Privately funded research, however, has always been ongoing unseen from public eye. Dieter Egli from Columbia University came forward last week that he’d been experimenting with CRISPR to fix retinitis pigmentosa, a form of color blindness in mutated sperm cells, by editing nucleotides in embryos. Many describe this as inhumane and bending the legal  bounds, but his argument is that we can’t simply let go of an opportunity to eradicate hereditary diseases that have been ongoing for centuries. He hasn’t conducted any patient trials yet, and cautions that he knows more than to simply inject the gene and expect it to work perfectly.

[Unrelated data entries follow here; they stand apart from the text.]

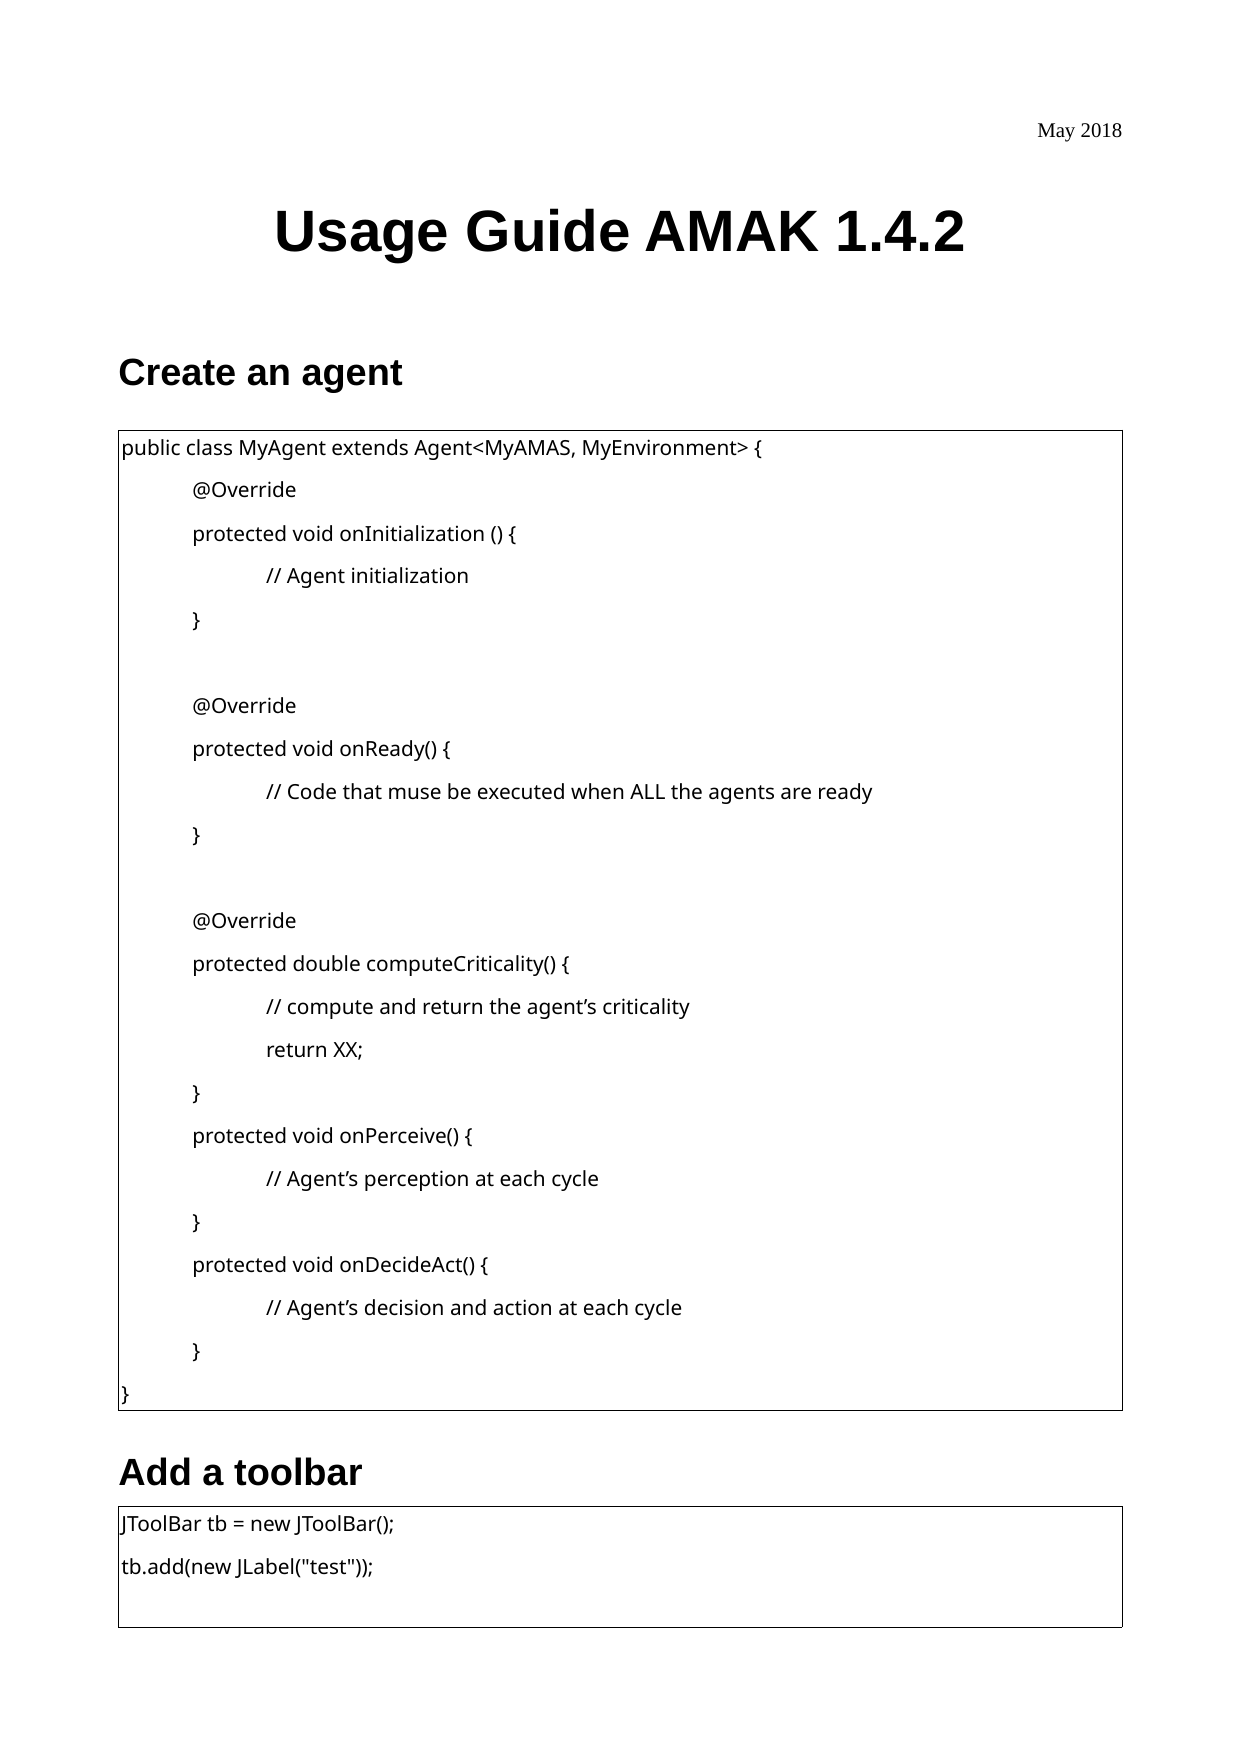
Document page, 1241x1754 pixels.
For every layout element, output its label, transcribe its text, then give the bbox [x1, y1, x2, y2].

text } [119, 1333, 1122, 1364]
text // Agent’s decision and action at each cycle [119, 1290, 1122, 1321]
text } [119, 1204, 1122, 1235]
subtitle Add a toolbar [118, 1450, 1122, 1494]
text JToolBar tb = new JToolBar(); [119, 1507, 1122, 1538]
text protected double computeCriticality() { [119, 946, 1122, 977]
text protected void onReady() { [119, 731, 1122, 762]
text // Agent initialization [119, 559, 1122, 590]
text } [119, 1075, 1122, 1106]
text return XX; [119, 1032, 1122, 1063]
text } [119, 602, 1122, 633]
text protected void onInitialization () { [119, 516, 1122, 547]
text } [119, 817, 1122, 848]
text public class MyAgent extends Agent<MyAMAS, MyEnvironment> { [119, 431, 1122, 461]
text } [119, 1376, 1122, 1410]
text @Override [119, 903, 1122, 934]
subtitle Create an agent [118, 349, 1122, 393]
text protected void onPerceive() { [119, 1118, 1122, 1149]
text tb.add(new JLabel("test")); [119, 1549, 1122, 1581]
title Usage Guide AMAK 1.4.2 [118, 197, 1122, 264]
text @Override [119, 473, 1122, 504]
text protected void onDecideAct() { [119, 1247, 1122, 1278]
text // Code that muse be executed when ALL the agents are ready [119, 774, 1122, 805]
text // Agent’s perception at each cycle [119, 1161, 1122, 1192]
text @Override [119, 688, 1122, 719]
text // compute and return the agent’s criticality [119, 989, 1122, 1020]
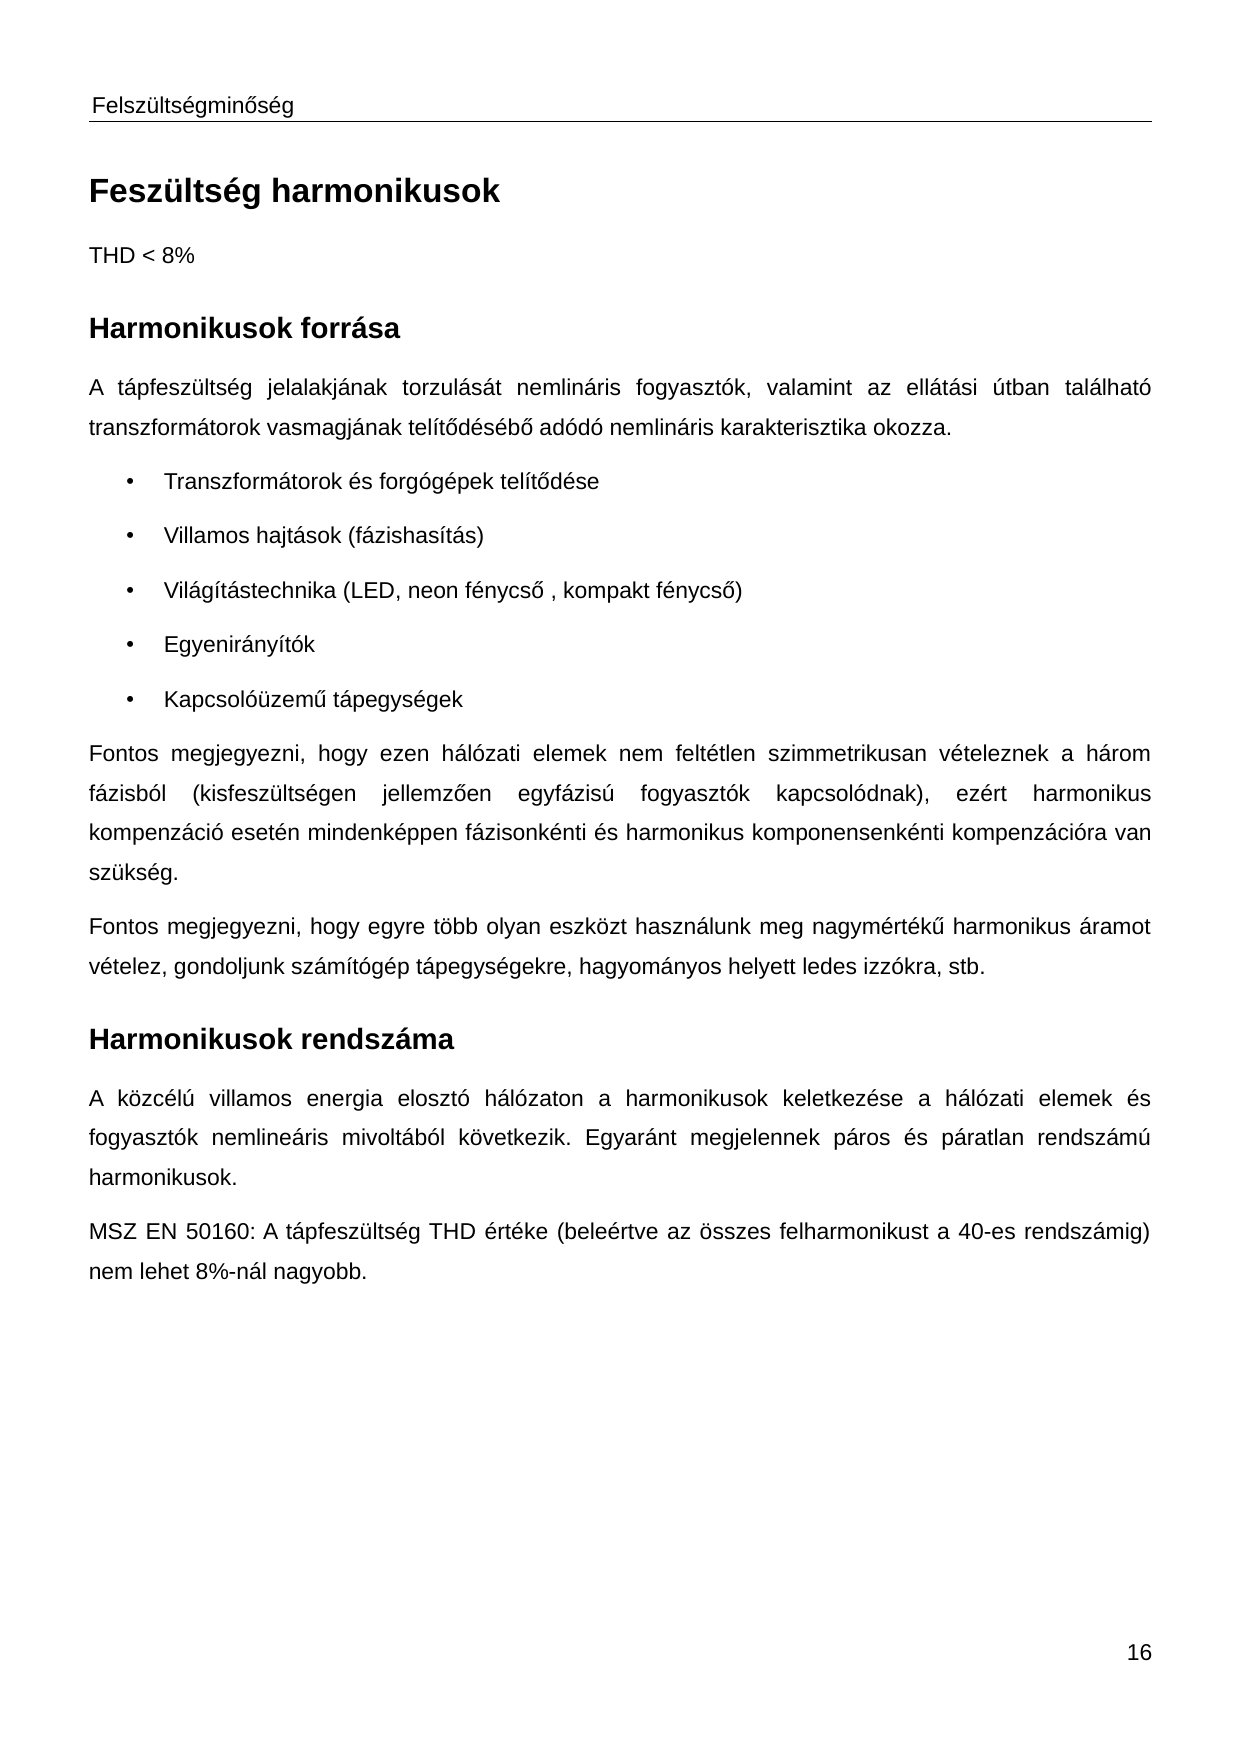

Potential Exploitation and Misuse

Ironically, CRISPR DIY kits can be purchased by just about anyone for about a few hundred dollars. Essentially anyone who is knowledgeable and interested about genomics would be able to experiment with it freely. Although it’s targeted for young scientists to become interested and educated in genomic research, it does have the potential of being exploited.

It may seem improbable that gene editing could develop to alter physical human attributes since modern practices are focused on therapeutic purposes. However, considering the pace of its development and popularity worldwide, the unnerving idea of a designer baby being created by gene editing worries the public. Some even worry of its capability to magnify the wealth disparity, where we’d live in a world where the rich who can afford genetic altering and prevention from professionals are “superior” to those who can’t and suffer disorders and illnesses. People claim that the risk isn’t entirely just safety concerns, but it’s the people that could go rogue with this new biotechnology by mass engineering humans, creating a recipe to the “ideal human being.” Although this might seem like an overreaction to the current research on preventing genetic disorders, the optimism of its unending capabilities would surely catalyze its advancement without adequate restrictions.

        Those that argue there is no pressing need to be experimenting with embryonic research are viewed as selfish in the eyes of parents who are desperate to prevent an inheritable disease from being passed to their kids. In my perspective though, it is too risky to jeopardize two human lives for the potential of a treatment, at least with current day’s technology and intellect. We have yet to confirm of any infallible ways to get into a pregnant woman’s fetus, and there is simply too much risk of other health defects that may be tied to altering a single gene. Although this revolutionary practice could potentially make our kids immune to all disorders and pathogens, I think we are asking for too much control over evolution’s discourse. Ethical questions of modifying nature’s ways question if humans are seeking too much power, trying to act as gods.